История литературы убедительно свидетельствует о том, что бавиями и мевиями не рождаются. Их выбирают или назначают более удачливые современные поэты и критики из числа литературных неудачников. Их «канонизирует» молва. Почему тот или иной стихотворец получил у современников и потомков репутацию Бавия – вопрос, что называется, индивидуальный. Историки древнеримской литературы, например, полагают, что реальные Бавий и Мевий, осмеянные августинианцами Вергилием и Горацием, на самом деле принадлежали к партии Антония, разгромленной Октавианом [там же]. «Французского Бавия» Шапелена низвергли с престола его соперники-классицисты. Насмешки над «русским Бавием» Тредиаковским часто объясняют идеологическими и политическими причинами [Пумпянский: 68–69; Рейфман]. По словам умного критика А.В. Дружинина, этот кроткий и странноватый плебей, не пользовавшийся покровительством влиятельных меценатов, стал первой «очистительной жертвой» в русской литературе, стремившейся во всем подражать французской литературной мифологии [Дружинин: 233–234][17].

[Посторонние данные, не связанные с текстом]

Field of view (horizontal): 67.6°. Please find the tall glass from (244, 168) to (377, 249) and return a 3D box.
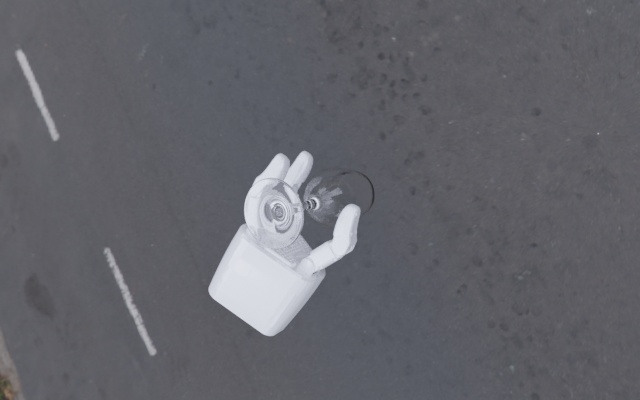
[{"bbox_3d":[0.000,0.002,0.573,0.079,0.079,0.201,0,7,30],"label":"tall glass"}]

Моя гипотеза, дорогой коллега, такова. Русской литературе так называемого золотого века поэзии необходим был свой антипоэт, и этот антипоэт должен был быть единственным в своем роде. На его роль современники «пробовали» разных сочинителей (тот же Тредиаковский, Бобров, Шаховской, Шаликов, позднее прозаик Орлов), но стал им «классик» – долгожитель Дмитрий Иванович Хвостов, оказавшийся одинаково удобной мишенью для всех поэтических партий этой эпохи[18]. В глазах современников он представал как отживший свой век автор ужасных од и бессмысленных басен, самовлюбленный пиит и пустой критик, шут и вонючка. Он, конечно, сам давал повод для насмешек, постоянно поддерживая свою комическую репутацию: писал, печатал и по нескольку раз перепечатывал свои бесчисленные произведения, наполненные всевозможными ляпами; пробовал себя во всех родах и жанрах и считал свои пробы образцовыми; учил молодых поэтов тому, как писать стихи правильно; рассылал десятки экземпляров своих творений знакомым и незнакомым (получился такой хвостов-раздат); заискивал перед авторитетными писателями и обижался на их насмешки – словом, не давал современникам ни на мгновение забыть о своем существовании.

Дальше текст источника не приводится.